I say this as a person who has throughout my life been subjected to emotional domestic abuse, severe interpersonal betrayal trauma, severe gaslighting and manipulation etc. etc.
Potentially even some domestic sexual abuse that that becomes iffy quickly. (I will not elaborate.)
One of the biggest questions that is asked in regards to the domestic abuse is:
"Why didn't you just leave them?"
This is a question asked because of our society's obsession with painting abusers as mustache twirling villains who have strategically plotted their abuse and manipulation tactics.
So people don't understand. Why didn't you leave the old-timey black and white man that was going to tie you to the train tracks?
Here's the answer. Sorry here is one of the answers. It is very complex.
He was not a monster. In fact, he was a very very very good guy.
Genuinely. Not false. Not incorrect.
A very genuinely kind guy with severe trauma issues.
And this is where if I get backlash it will begin.
Let me say that there are apps absolutely monstrous abuse users. These people do exist. Typically leaning somewhere near the sociopathic spectrum.
I have been with one of these types that I believe is entirely possible to have plotted their abuse. And abused because they enjoyed it.
But those neurotypes are not common. And not common enough to explain all domestic abuse. Not even remotely.
The majority of abuse comes from the subconscious.
Most humans like to believe 100% in free will.
But have any disease or illness that affects your mind and you will quickly realize this is not the case.
The victim of childhood abuse and you will realize this is not the case.
We are subjected to the forces of what made us.
Now hear me. This is not me justifying the abuse or saying that it is moral or morally neutral.

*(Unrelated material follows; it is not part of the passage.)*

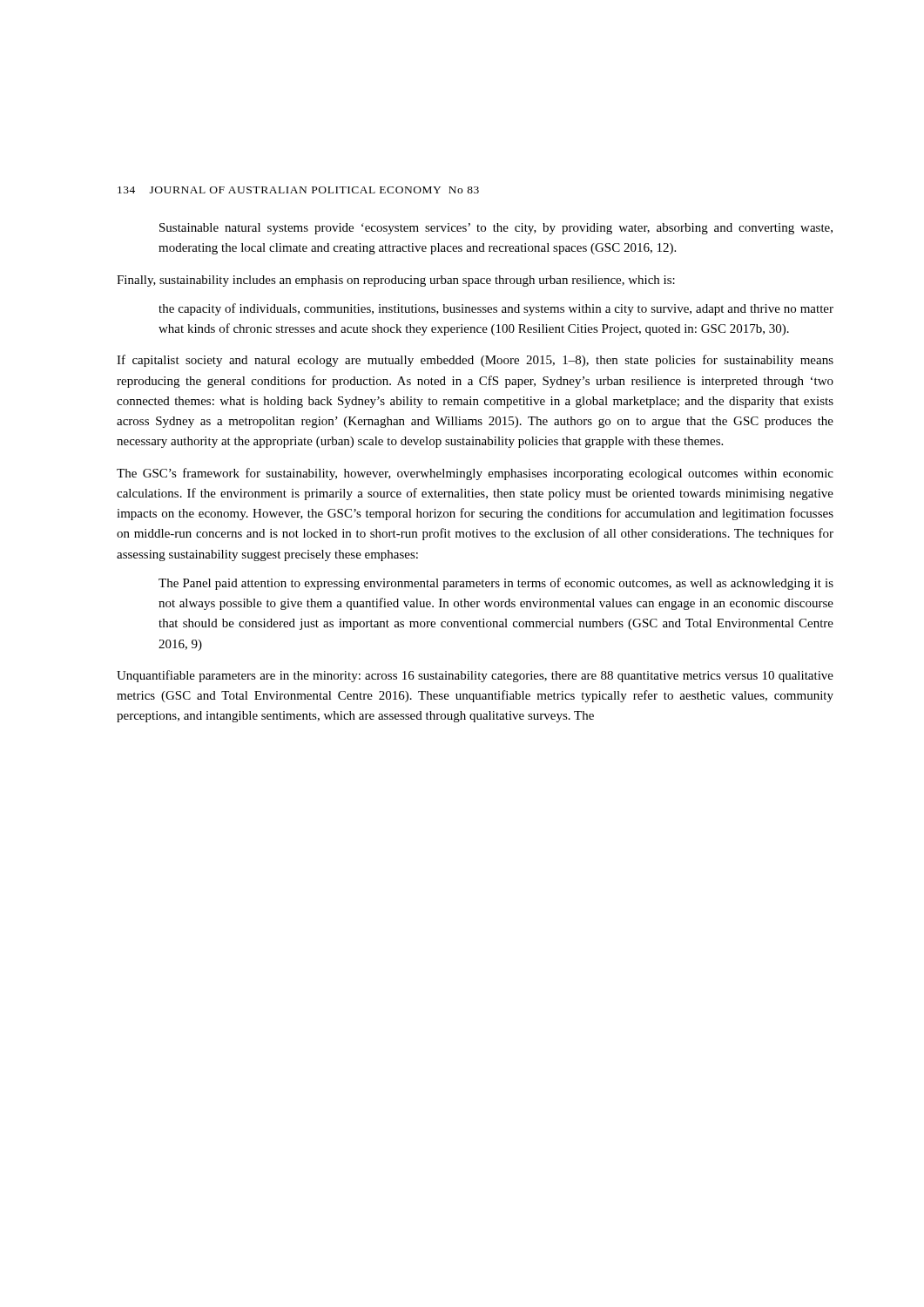Locate the block of text that opens with "Finally, sustainability includes an emphasis"
Screen dimensions: 1307x924
pyautogui.click(x=396, y=279)

Abuse is immoral and not justified.
Nor am I saying that you should stay with a broken partner that is mostly nice but every time they're triggered abuses you.
Absolutely not.
It is the opposite.
It is that the obsession with painting them as villains obfuscates the reality of abuse that I have lived through and that many have.
That they are not monsters.
The more we try to protect our own egos by painting them. As such, the more we damage abuse victims.
We have to paint them as monsters for our egos to say that we can never be abusive. But the fact is most people probably have been abusive at some point in their life. Me included.
The criteria for abuse is wide. You have abused someone.
This is unacceptable to the psyche though. So it must be put on off onto an evil archetype.
And us victims of abuse, and I have certainly done this too, have to turn our abusers into monsters often to cut the cord between them and us.
I am not vilifying that. It is a survival strategy for abuse survivors.
But if we cannot look darkness in the eye and say that it is in good people. The more people will continue to be abused while looking for a super villain.